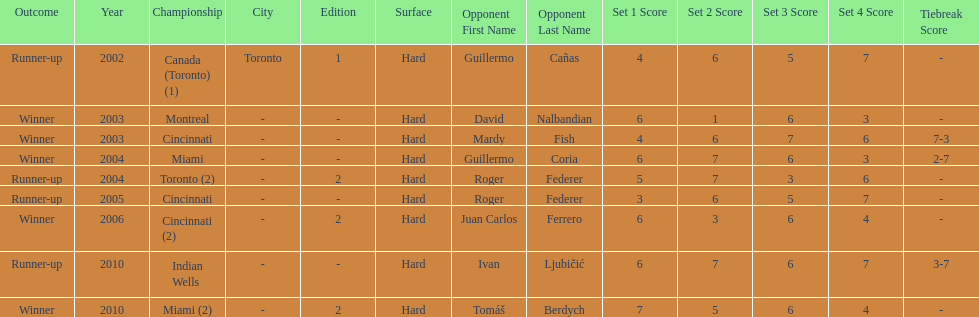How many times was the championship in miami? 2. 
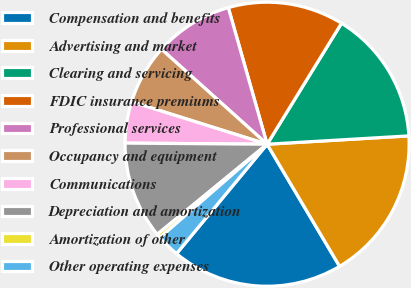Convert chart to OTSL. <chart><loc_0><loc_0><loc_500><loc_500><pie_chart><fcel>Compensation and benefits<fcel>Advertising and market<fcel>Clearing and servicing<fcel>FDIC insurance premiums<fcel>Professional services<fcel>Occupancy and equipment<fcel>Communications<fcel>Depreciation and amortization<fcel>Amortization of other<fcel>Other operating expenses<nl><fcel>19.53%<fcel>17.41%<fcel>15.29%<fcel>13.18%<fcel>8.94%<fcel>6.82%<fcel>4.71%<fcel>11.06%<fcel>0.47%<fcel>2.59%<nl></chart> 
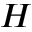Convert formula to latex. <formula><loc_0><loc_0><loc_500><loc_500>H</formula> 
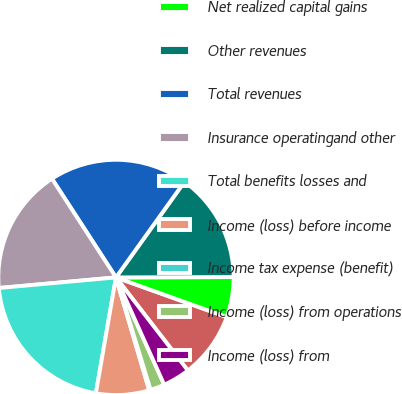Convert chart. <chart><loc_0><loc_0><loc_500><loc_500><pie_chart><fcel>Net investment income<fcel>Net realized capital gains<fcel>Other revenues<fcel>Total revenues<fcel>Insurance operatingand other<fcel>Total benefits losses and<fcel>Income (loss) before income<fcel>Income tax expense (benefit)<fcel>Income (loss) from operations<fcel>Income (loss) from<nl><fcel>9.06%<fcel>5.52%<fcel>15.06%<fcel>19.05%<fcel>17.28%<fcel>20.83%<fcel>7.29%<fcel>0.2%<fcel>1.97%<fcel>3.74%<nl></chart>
= = = = =
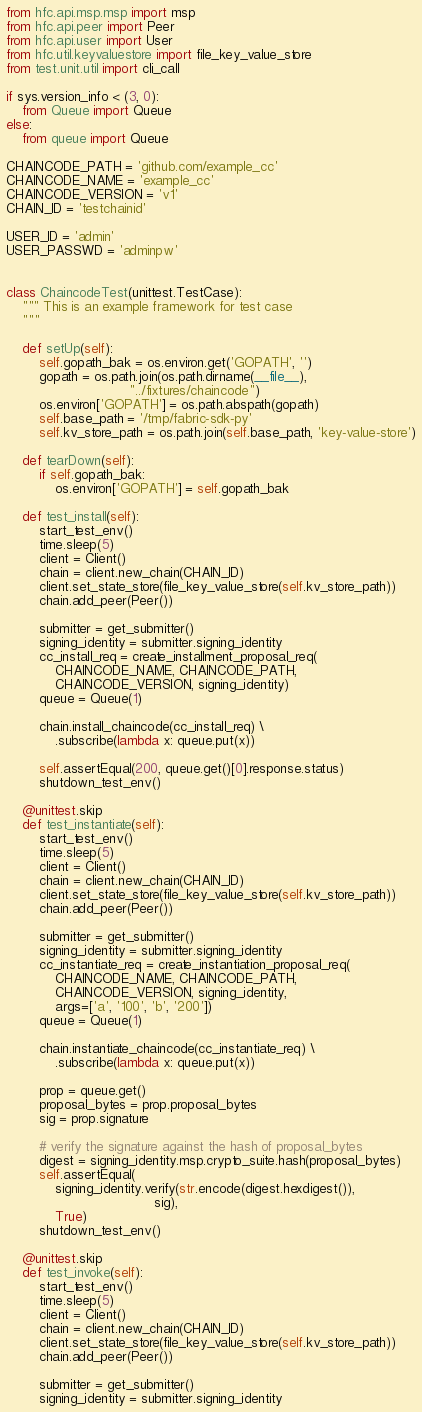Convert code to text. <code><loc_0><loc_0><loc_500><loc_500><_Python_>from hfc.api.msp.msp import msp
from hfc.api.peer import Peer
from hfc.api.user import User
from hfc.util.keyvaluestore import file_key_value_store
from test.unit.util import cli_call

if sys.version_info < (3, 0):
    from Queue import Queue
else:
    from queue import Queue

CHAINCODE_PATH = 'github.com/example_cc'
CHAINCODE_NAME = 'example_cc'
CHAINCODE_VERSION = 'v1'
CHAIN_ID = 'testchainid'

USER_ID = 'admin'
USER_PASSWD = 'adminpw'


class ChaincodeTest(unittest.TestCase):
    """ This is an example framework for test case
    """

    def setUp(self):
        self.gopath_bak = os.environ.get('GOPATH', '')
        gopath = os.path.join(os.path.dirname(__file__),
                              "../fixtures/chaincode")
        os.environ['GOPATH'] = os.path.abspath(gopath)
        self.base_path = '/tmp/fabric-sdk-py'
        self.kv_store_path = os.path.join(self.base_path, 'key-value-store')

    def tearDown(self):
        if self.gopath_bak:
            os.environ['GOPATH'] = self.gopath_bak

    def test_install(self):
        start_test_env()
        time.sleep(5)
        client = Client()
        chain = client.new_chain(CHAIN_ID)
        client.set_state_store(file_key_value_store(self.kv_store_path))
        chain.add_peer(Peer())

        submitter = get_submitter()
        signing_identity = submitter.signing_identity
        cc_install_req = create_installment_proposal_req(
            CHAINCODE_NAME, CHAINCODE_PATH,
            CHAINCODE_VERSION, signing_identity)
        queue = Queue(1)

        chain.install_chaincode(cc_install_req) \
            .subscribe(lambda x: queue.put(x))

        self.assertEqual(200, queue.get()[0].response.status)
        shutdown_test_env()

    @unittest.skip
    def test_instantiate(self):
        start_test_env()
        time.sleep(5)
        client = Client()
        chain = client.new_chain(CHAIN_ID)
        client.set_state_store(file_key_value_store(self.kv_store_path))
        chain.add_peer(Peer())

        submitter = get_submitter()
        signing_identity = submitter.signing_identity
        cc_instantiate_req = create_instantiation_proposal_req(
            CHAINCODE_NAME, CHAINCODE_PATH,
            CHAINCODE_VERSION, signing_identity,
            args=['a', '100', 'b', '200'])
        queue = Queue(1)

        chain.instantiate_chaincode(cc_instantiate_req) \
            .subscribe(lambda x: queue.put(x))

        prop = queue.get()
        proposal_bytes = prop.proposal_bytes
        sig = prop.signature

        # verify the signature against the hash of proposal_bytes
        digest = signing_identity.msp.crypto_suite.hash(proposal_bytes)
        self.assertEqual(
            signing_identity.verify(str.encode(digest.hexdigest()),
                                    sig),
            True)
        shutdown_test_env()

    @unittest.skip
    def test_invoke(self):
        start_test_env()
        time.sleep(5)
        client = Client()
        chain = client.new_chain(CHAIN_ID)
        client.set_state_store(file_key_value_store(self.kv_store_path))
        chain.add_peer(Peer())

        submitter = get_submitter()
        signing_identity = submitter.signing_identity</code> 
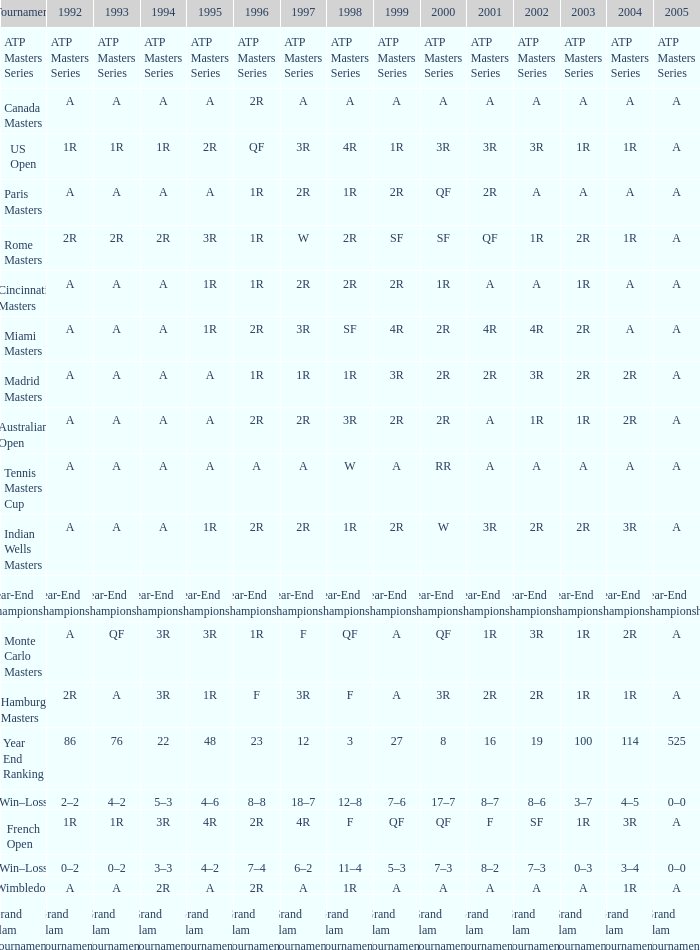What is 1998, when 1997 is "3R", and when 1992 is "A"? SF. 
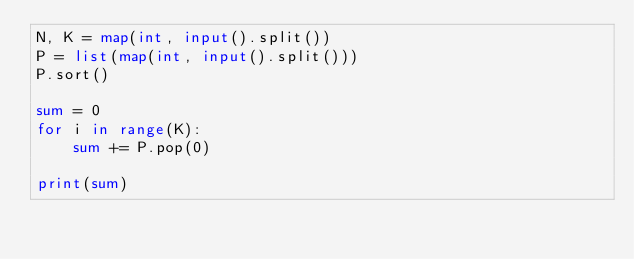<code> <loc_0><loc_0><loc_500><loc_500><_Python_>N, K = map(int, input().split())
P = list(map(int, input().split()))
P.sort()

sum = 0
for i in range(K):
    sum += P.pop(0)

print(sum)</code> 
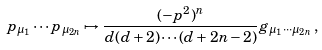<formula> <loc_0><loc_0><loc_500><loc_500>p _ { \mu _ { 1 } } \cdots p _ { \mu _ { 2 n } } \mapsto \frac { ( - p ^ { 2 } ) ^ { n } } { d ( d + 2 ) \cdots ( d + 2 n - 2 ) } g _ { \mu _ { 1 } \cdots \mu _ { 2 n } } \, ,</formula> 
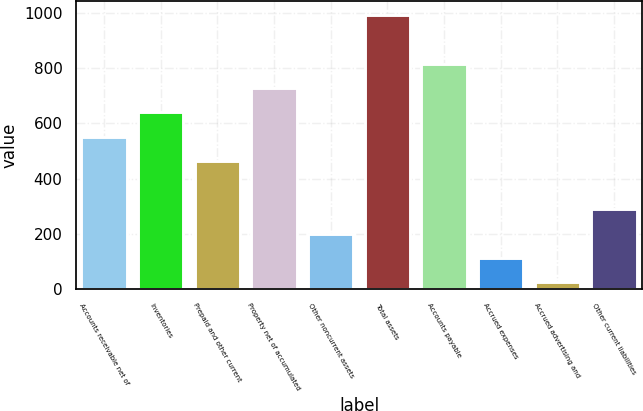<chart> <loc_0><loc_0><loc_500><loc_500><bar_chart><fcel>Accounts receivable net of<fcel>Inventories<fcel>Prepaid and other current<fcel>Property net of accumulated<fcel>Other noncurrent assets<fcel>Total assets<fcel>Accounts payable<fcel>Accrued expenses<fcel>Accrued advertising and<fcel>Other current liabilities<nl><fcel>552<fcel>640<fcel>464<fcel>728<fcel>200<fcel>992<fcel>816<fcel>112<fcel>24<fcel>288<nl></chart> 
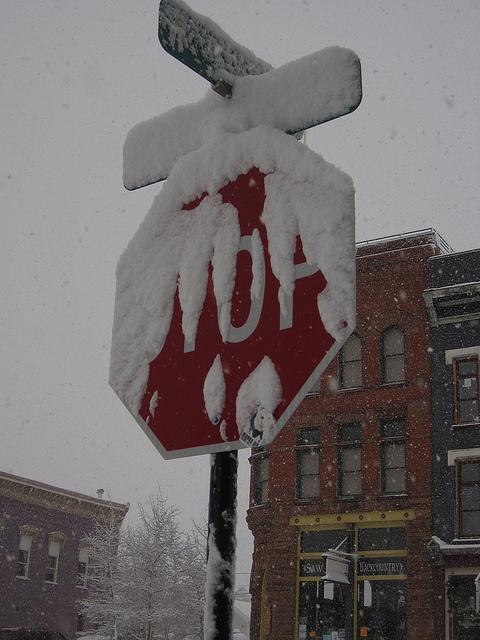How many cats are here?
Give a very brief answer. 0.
= = = = =
PROBLEM REQUIREMENTS: In the records above, everything from the line with "How many times" down to the line with "Convert formula to" is to be set down exactly, both ends included, with no pictures and no other lines.

ANSWER BOX:
How many times was the championship in miami? 2. 
Convert chart to OTSL. <chart><loc_0><loc_0><loc_500><loc_500><pie_chart><fcel>Compensation and benefits<fcel>Advertising and market<fcel>Clearing and servicing<fcel>FDIC insurance premiums<fcel>Professional services<fcel>Occupancy and equipment<fcel>Communications<fcel>Depreciation and amortization<fcel>Amortization of other<fcel>Other operating expenses<nl><fcel>19.53%<fcel>17.41%<fcel>15.29%<fcel>13.18%<fcel>8.94%<fcel>6.82%<fcel>4.71%<fcel>11.06%<fcel>0.47%<fcel>2.59%<nl></chart> 
Convert formula to latex. <formula><loc_0><loc_0><loc_500><loc_500>H</formula> 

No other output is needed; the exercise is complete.